When some people think "clone", they think "compatibility" which leads to the
following differences:

Excerpt:

"In May 1983, Future Computing defined four levels of compatibility:[11]

Operationally Compatible. Can run "the top selling" IBM PC software, use PC
expansion boards, and read and write PC disks. Has "complementary features"
like portability or lower price that distinguish computer from the PC, which
is sold in the same store. Examples: (Best) Columbia Data Products, Compaq;
(Better) Corona; (Good) Eagle.

Functionally Compatible. Runs own version of popular PC software. Cannot use
PC expansion boards but can read and write PC disks. Cannot become
Operationally Compatible. Example: TI Professional.

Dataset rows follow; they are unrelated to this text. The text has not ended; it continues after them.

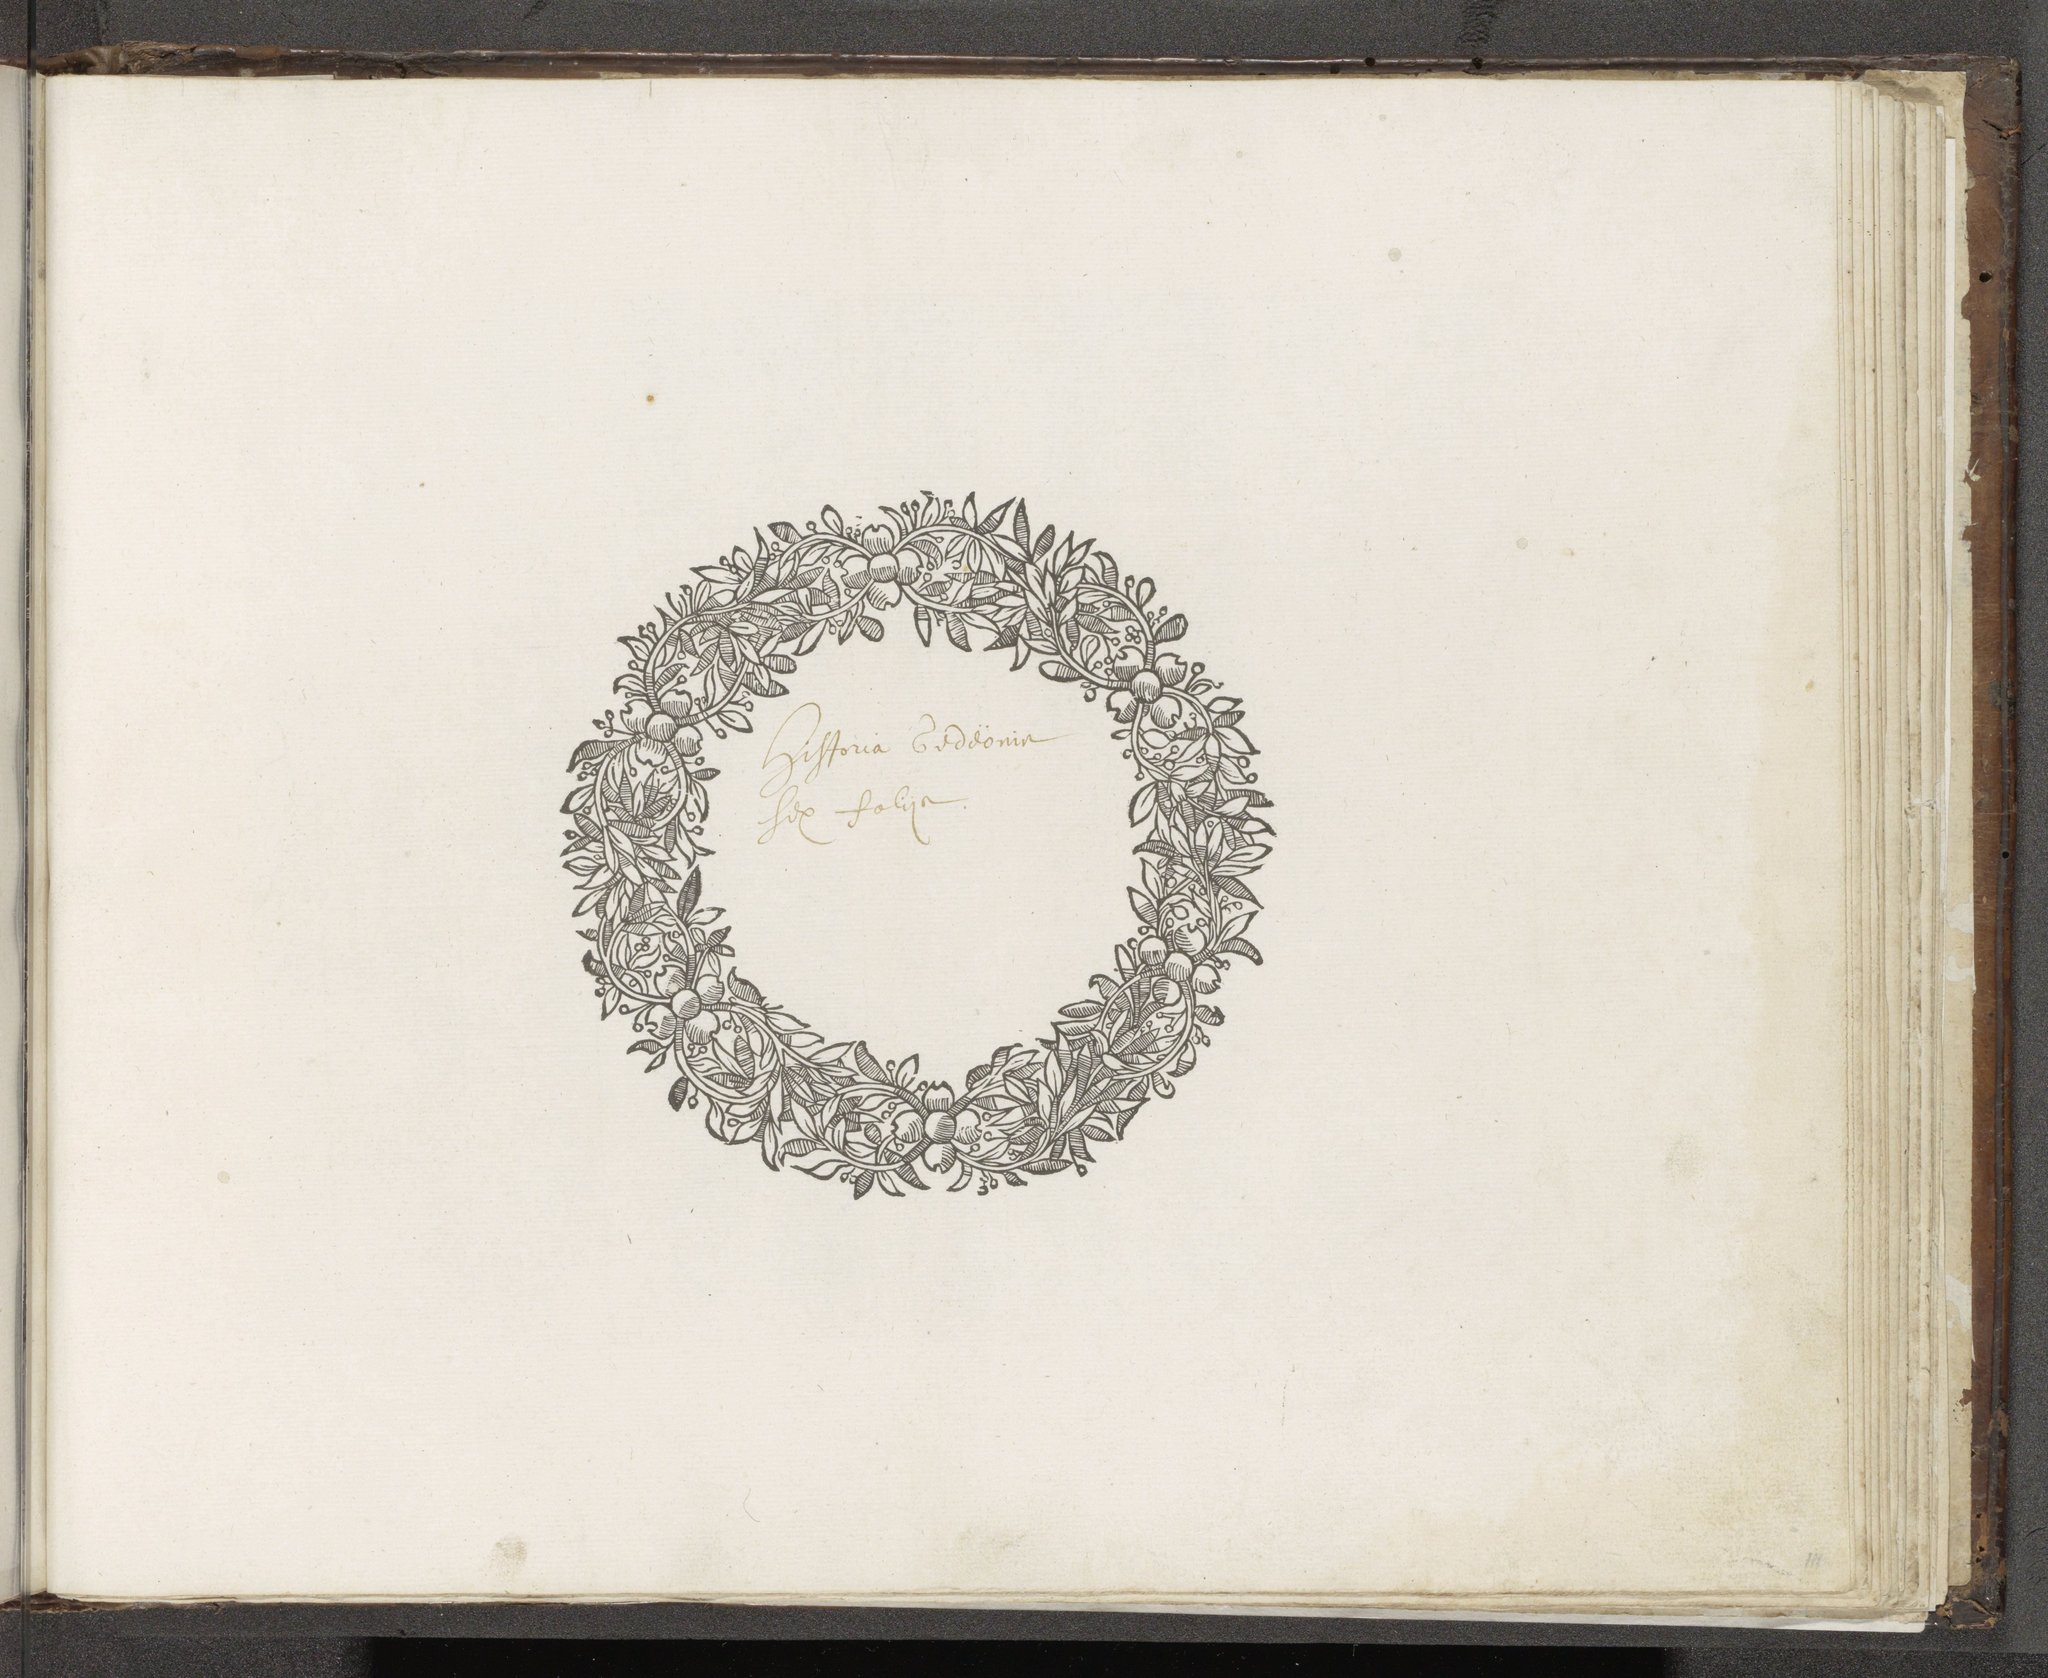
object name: album leaf
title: Historia Giddöni Sive folijn
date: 1579
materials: paper
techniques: woodcut
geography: antwerp
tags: garland, wreath
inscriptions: inscription: ‘Historia Giddöni Sive folijn’
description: Ornamentele bloemenkrans met in het midden een handgeschreven titel. Prent maakt deel uit van een album.

Data Compatible. May not run top PC software. Can read and/or write PC disks.
Can become Functionally Compatible. Examples: NCR Decision Mate, Olivetti M20,
Wang PC, Zenith Z-100.

Incompatible. Cannot read PC disks. Can become Data Compatible. Examples:
Altos 586, DEC Rainbow 100, Grid Compass, Victor 9000."

So what type of a "clone" are we talking about?

I don't work for the company that makes the kit, and as far as I can tell
prima facie, their kit is a faithful reproduction of the reference IBM PC
hardware design.

I may be wrong, however.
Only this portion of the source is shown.